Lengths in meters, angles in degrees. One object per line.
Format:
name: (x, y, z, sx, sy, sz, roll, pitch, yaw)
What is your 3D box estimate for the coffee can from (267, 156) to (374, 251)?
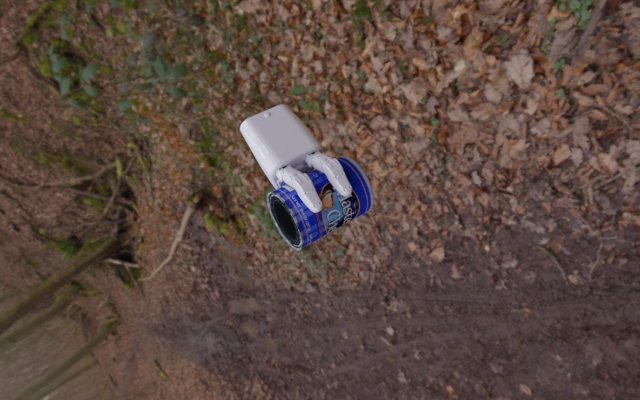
coffee can: (0.000, 0.003, 0.766, 0.140, 0.103, 0.103, -28, 11, -22)
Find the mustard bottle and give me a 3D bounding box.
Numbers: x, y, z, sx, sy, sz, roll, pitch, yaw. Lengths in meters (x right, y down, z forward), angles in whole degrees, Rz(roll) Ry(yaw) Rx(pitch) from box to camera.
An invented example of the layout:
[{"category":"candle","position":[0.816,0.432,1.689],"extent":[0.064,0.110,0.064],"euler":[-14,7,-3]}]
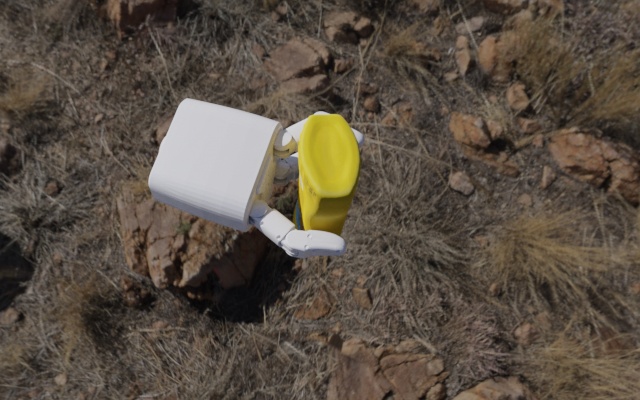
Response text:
[{"category":"mustard bottle","position":[0.000,0.002,0.518],"extent":[0.058,0.096,0.192],"euler":[-4,-29,-8]}]
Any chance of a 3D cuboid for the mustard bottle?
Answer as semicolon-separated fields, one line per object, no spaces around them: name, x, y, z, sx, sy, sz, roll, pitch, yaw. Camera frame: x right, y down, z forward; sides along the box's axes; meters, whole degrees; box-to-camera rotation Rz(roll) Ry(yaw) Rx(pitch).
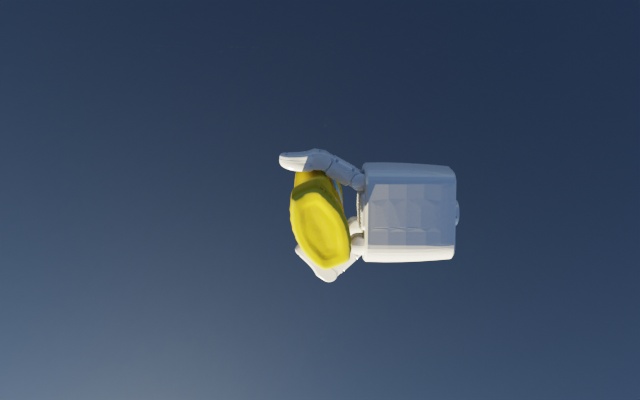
mustard bottle;0.000;0.002;0.591;0.058;0.096;0.191;-23;18;7
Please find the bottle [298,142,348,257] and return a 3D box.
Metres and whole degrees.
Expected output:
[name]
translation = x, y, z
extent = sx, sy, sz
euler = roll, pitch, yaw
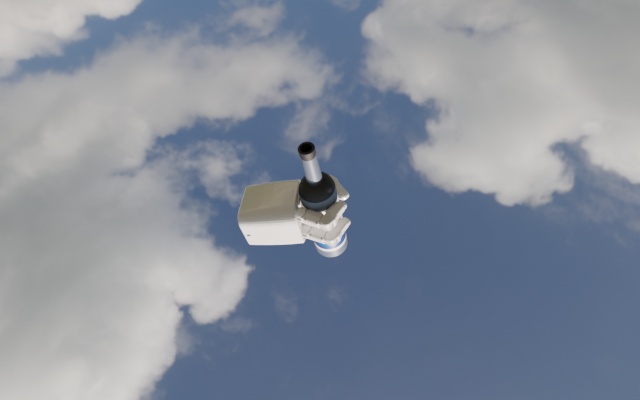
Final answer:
[bottle]
translation = 0.000, 0.003, 0.860
extent = 0.069, 0.069, 0.296
euler = 0, -35, 11
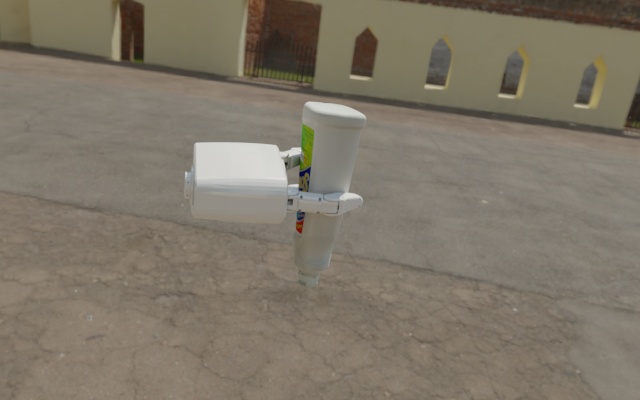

- **PROBLEM**:
From the entries, report each line that includes the word "angles".

- **PROBLEM SOLUTION**:
Lengths in meters, angles in degrees. One object per line.
Numbers: x, y, z, sx, sy, sz, roll, pitch, yaw. Lengths in meters (x right, y down, z forward), angles in whole degrees, Rz(roll) Ry(yaw) Rx(pitch) from box to camera.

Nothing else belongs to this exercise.